Domicilio de Hypnos, 3 de febrero de 2016
Cuando el taxi que lo trasladaba desde el centro penitenciario de Korydallos dobló la esquina, Hypnos vio una numerosa congregación de periodistas custodiando la entrada de su mansión. Al parecer el pago de la fianza que se había realizado esa misma mañana había traspasado las fronteras de la discreción a la velocidad de la luz, y no eran pocos los medios que habían decidido hacer guardia en su domicilio esperando su inevitable llegada a casa.
Siguiendo un impulso totalmente instintivo, Hypnos se tumbó sobre los asientos para no ser visto y ordenó al taxista pasar de largo e intentar el apeo por la parte trasera de la mansión; con un poco de suerte los periodistas no conocerían el acceso que durante el siglo XX había utilizado el servicio que mantenía el caserón en orden. Un acceso que ahora se hallaba cubierto de enredaderas y que camuflaba con el resto del muro gracias al denso follaje.
Por esa zona de momento no había nadie. Hyppolitos pagó en metálico con más billetes de los necesarios, recibió un rancio mohín como toda respuesta de gratitud, asió la maleta de mano con sus pertenecías y abandonó el vehículo con presteza. No había pensado en prepararse las llaves con antelación; si demoraba en exceso buscándolas corría el riesgo de ser descubierto por alguna hiena informativa desperdigada del grupo, y verse de nuevo acorralado por flashes y preguntas era algo que no le apetecía en absoluto.
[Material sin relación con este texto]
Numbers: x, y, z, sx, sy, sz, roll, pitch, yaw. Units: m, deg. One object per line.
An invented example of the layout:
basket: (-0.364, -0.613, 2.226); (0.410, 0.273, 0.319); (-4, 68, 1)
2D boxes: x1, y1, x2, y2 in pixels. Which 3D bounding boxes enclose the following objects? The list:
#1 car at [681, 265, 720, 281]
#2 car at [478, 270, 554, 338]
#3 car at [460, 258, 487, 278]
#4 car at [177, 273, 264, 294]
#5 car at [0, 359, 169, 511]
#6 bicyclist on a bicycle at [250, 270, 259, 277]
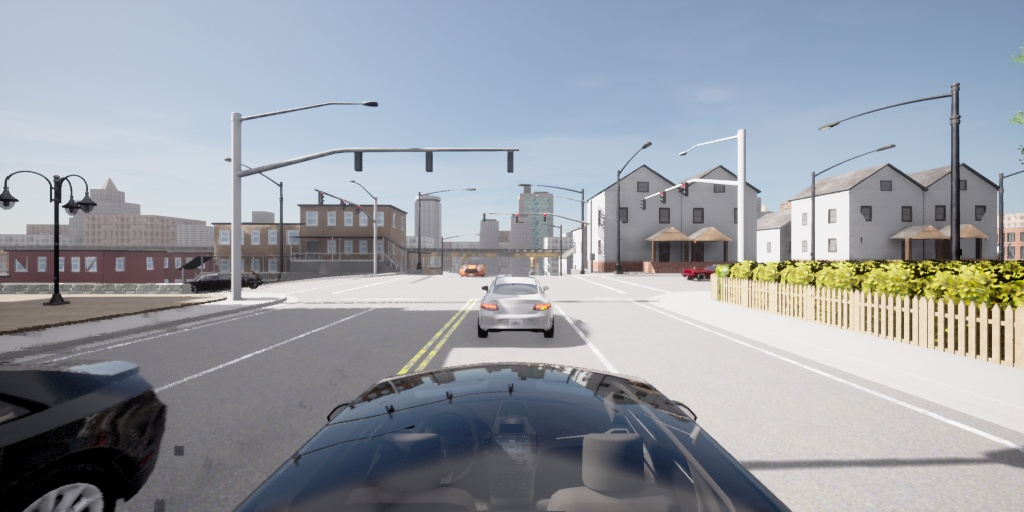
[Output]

Ya había tenido suficiente con el asalto mediático recibido al abandonar Korydallos, razón por la que ni se lo pensó: lanzó la maleta por encima de los más de dos de altura del muro, buscó la oculta reja de hierro bajo la tupida hiedra y escaló con la agilidad que nace de la desesperación. El dolor que aún latía en algunas partes de su cuerpo cesó de existir y se dejó caer sobre el asilvestrado césped sin importarle cómo. Avanzó con la valija agarrada por el asa y el cuerpo inclinado hacia adelante, a grandes zancadas. La tranquilidad que aparentemente reinaba en la parte trasera de la mansión no se le antojaba de fiar. Sólo quería entrar y aislase en un lugar conocido y seguro, pero las llaves se le resistieron. El manojo le cayó al suelo, lo recuperó al segundo intento, trató de sacudirse el temblor que le inutilizaba los dedos y, cuando dio con la correcta, el llavero le volvió a caer. En la calle nació un vocerío incómodo y el alboroto fue cercando el perímetro de la propiedad hasta que una voz le apuñaló la espalda gritándole «¡Asesino!». Un huevo se estrelló contra la fachada, otro dio de lleno a su cabeza y a partir de ese instante el tiempo pareció acelerarse.
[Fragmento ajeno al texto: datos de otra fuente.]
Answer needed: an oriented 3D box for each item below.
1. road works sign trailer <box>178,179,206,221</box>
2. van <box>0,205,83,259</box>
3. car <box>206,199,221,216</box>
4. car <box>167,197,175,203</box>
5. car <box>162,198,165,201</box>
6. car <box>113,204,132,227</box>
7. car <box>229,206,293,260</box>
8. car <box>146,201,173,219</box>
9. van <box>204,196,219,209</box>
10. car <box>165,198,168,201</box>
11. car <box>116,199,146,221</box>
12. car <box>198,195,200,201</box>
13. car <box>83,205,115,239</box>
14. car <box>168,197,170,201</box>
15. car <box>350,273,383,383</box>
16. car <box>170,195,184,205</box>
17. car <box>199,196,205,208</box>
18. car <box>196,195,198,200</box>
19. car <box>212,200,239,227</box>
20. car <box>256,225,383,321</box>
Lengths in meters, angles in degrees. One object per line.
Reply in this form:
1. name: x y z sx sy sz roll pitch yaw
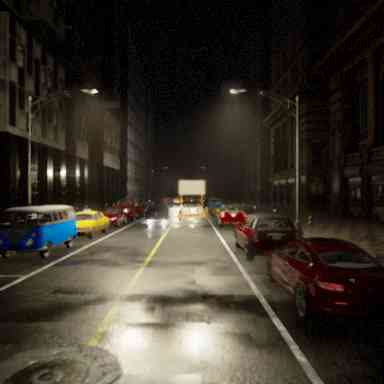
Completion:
1. road works sign trailer: -0.015 0.663 28.994 2.380 3.560 2.880 0 0 0
2. van: -5.772 1.428 12.723 1.690 1.788 3.998 0 0 0
3. car: 2.742 1.768 35.318 1.752 1.417 4.829 0 0 0
4. car: -5.813 2.096 91.149 1.967 1.590 4.097 0 0 0
5. car: -5.792 1.927 51.934 1.947 1.339 4.313 0 0 0
6. car: -5.777 1.746 23.924 1.802 1.307 4.206 0 0 0
7. car: 2.754 1.527 12.742 1.967 1.590 4.097 0 0 0
8. car: -3.113 1.777 31.046 1.994 1.385 4.181 0 0 0
9. van: 2.738 1.622 40.751 1.690 1.788 3.998 0 0 0
10. car: -5.795 1.968 57.536 1.947 1.339 4.313 0 0 0
11. car: -5.781 1.517 29.529 2.192 1.841 5.009 0 0 0
12. car: 2.727 1.759 63.157 2.192 1.841 5.009 0 0 0
13. car: -5.774 1.650 18.153 1.752 1.417 4.829 0 0 0
14. car: -5.804 2.073 74.343 1.887 1.381 4.507 0 0 0
15. car: 2.760 1.577 1.538 1.947 1.339 4.313 0 0 0
16. car: -3.037 1.825 72.549 2.097 1.767 4.553 0 0 0
17. car: 2.732 1.676 51.954 2.192 1.841 5.009 0 0 0
18. car: 2.715 2.054 85.562 1.967 1.590 4.097 0 0 0
19. car: 2.748 1.604 23.944 1.967 1.590 4.097 0 0 0
20. car: 2.757 1.631 7.140 1.802 1.307 4.206 0 0 0

«¡Pederasta! ¡Hijo de puta! ¡Asesino! ¡Enfermo!»
Hypnos entró como arrojado de sopetón, cerró la puerta con desesperación y se apoyó con la espalda contra ella. La clara del huevo le resbaló por el cabello, dejándoselo sucio y pegajoso, y la americana comenzó a asfixiarle tanto que casi se la arrancó del cuerpo. La maleta con sus pertenencias había quedado olvidada entre la maleza y los impactos de más huevos contra la puerta y la fachada se iban multiplicando con la misma celeridad que los insultos. El corazón parecía que iba a reventarle el pecho y cuando se atrevió a mirar por la ventana cercana a la puerta vio a la muchedumbre encaramada sobre el muro, disparando huevos e injurias a discreción.
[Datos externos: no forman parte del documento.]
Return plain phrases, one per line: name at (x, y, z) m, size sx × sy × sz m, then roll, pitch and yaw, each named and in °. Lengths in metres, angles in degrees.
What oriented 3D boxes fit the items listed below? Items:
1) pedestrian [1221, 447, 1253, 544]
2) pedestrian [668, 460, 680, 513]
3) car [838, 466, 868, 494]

De un arrebato bajó la persiana de esa ventana. Y las de todas las que se habían quedado medio subidas. Del piso inferior y también del superior, dónde llegó comiéndose los escalones de dos en dos. Hyppolitos quiso tapiar a base de persianas y cortinas todas las aperturas de las cuatro fachadas de su caserón y, cuando llegó a la última, vio cómo dos encapuchados con medio rostro cubierto por un pañuelo saltaban dentro de su terreno y corrían hacia los muros con espráis en la mano. Los vítores a dicha invasión se volvieron ensordecedores y fue entonces cuando Hypnos comenzó a sentir seria dificultad para respirar. Un sudor frío le perló la frente y la elegante corbata con la que se había ceñido el cuello se le antojó más asfixiante que una soga. Con gestos nerviosos se aflojó el nudo y se arrancó el lazo, el cual tiró al suelo sin miramientos; la visión periférica empezó a oscurecerse y antes que lo venciera el mareo atinó a desabrocharse tres botones de la camisa y alcanzar la puerta del baño. Con dos pasos torpes llegó al wc y ahí se sentó sobre la tapa, con una mano asiéndose al borde del mármol del lavabo y la otra posada plana sobre el agitado pecho, sujetándose una respiración rápida y corta, acompasada con el frenético latir de su corazón.